_Entries shown_
● ● ● ● ●
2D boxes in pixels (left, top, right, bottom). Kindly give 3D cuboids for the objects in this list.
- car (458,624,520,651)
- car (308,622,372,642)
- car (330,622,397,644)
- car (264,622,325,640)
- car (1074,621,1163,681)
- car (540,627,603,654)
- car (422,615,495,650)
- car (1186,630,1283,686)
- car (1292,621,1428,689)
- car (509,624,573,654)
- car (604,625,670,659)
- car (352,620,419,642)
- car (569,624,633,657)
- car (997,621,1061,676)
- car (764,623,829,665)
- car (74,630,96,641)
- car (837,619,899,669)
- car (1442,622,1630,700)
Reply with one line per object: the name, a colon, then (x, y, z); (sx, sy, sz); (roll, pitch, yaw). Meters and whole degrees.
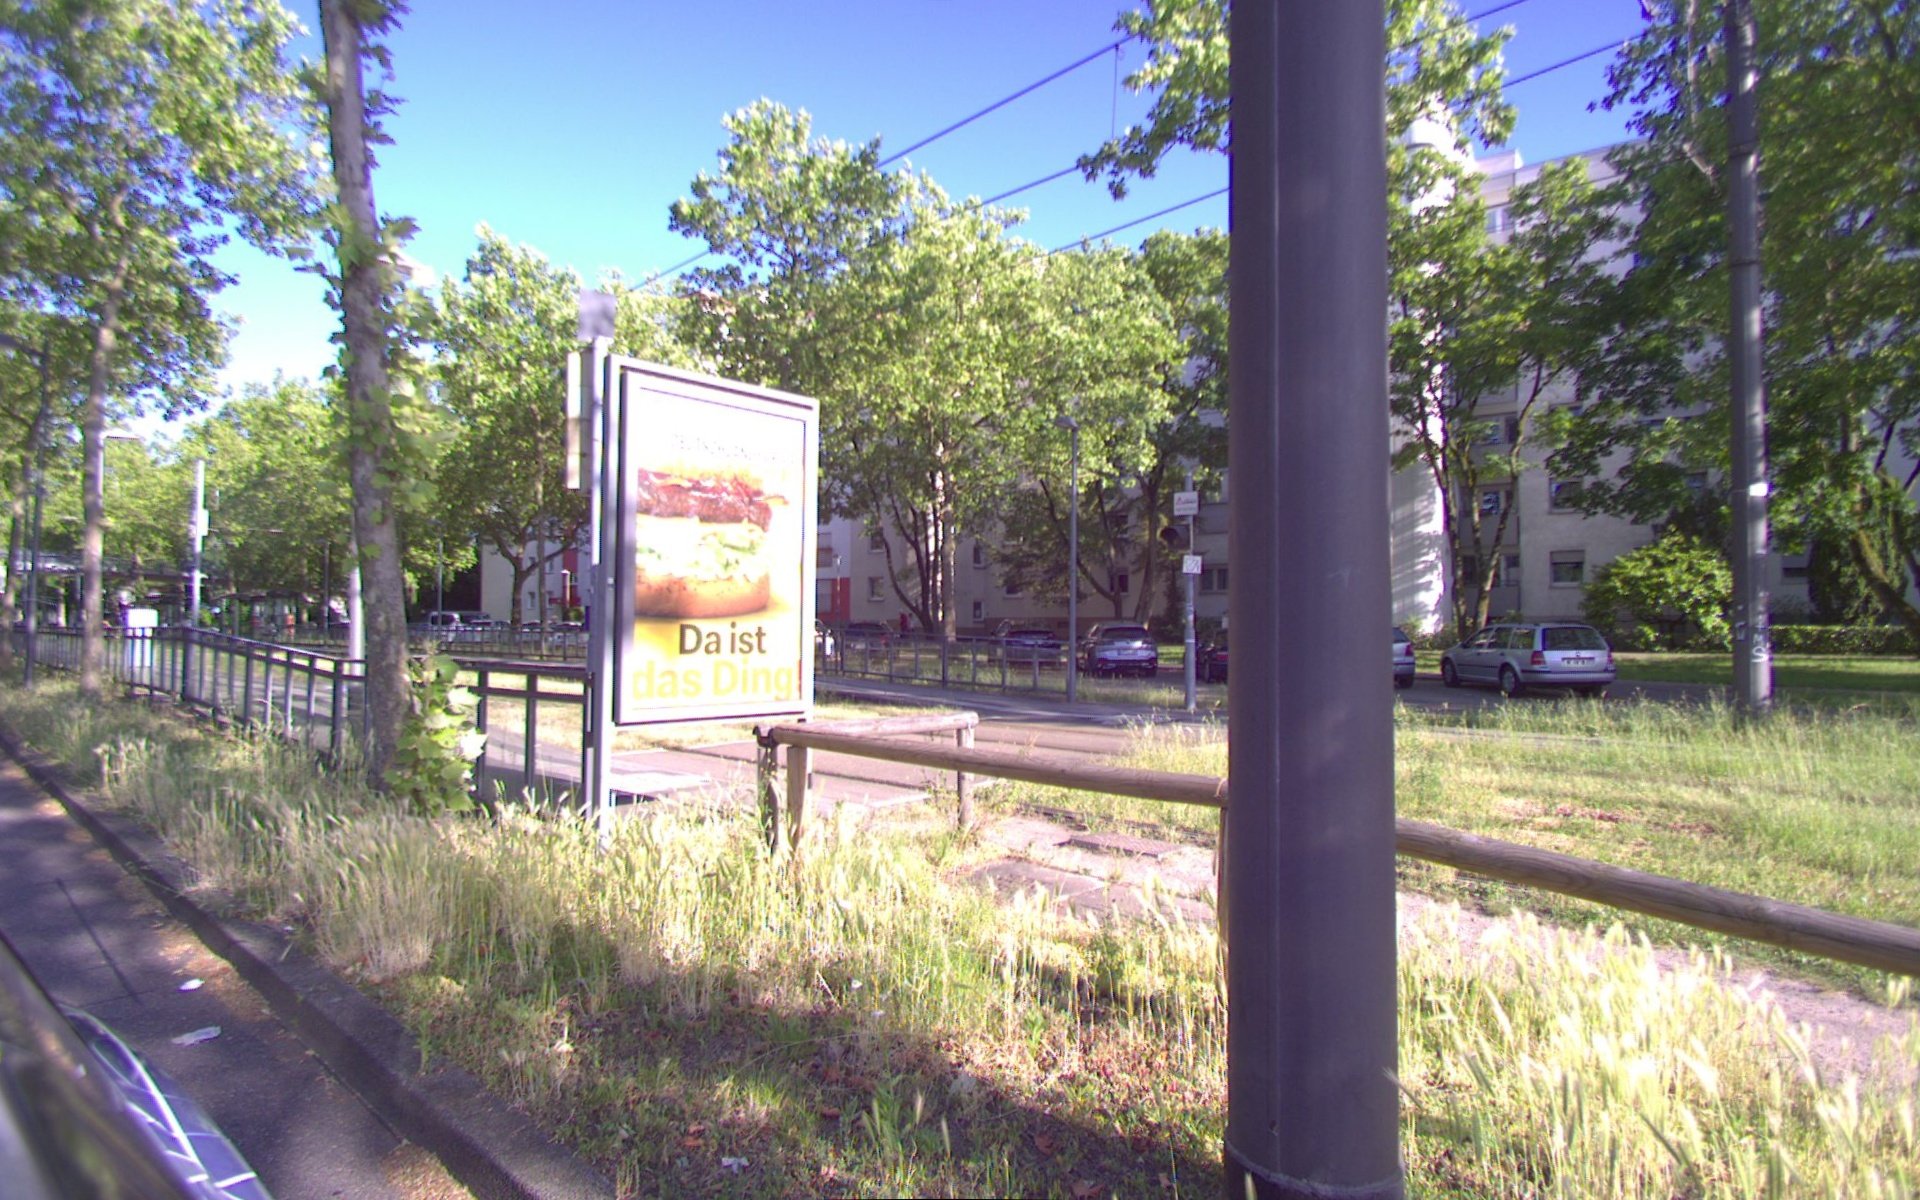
● ● ● ● ●
_Assignment_
Repeat the material word for word from its opening line up to and including the line containing "- car (837,619,899,669)".

_Written response_
2D boxes in pixels (left, top, right, bottom). Kindly give 3D cuboids for the objects in this list.
- car (458,624,520,651)
- car (308,622,372,642)
- car (330,622,397,644)
- car (264,622,325,640)
- car (1074,621,1163,681)
- car (540,627,603,654)
- car (422,615,495,650)
- car (1186,630,1283,686)
- car (1292,621,1428,689)
- car (509,624,573,654)
- car (604,625,670,659)
- car (352,620,419,642)
- car (569,624,633,657)
- car (997,621,1061,676)
- car (764,623,829,665)
- car (74,630,96,641)
- car (837,619,899,669)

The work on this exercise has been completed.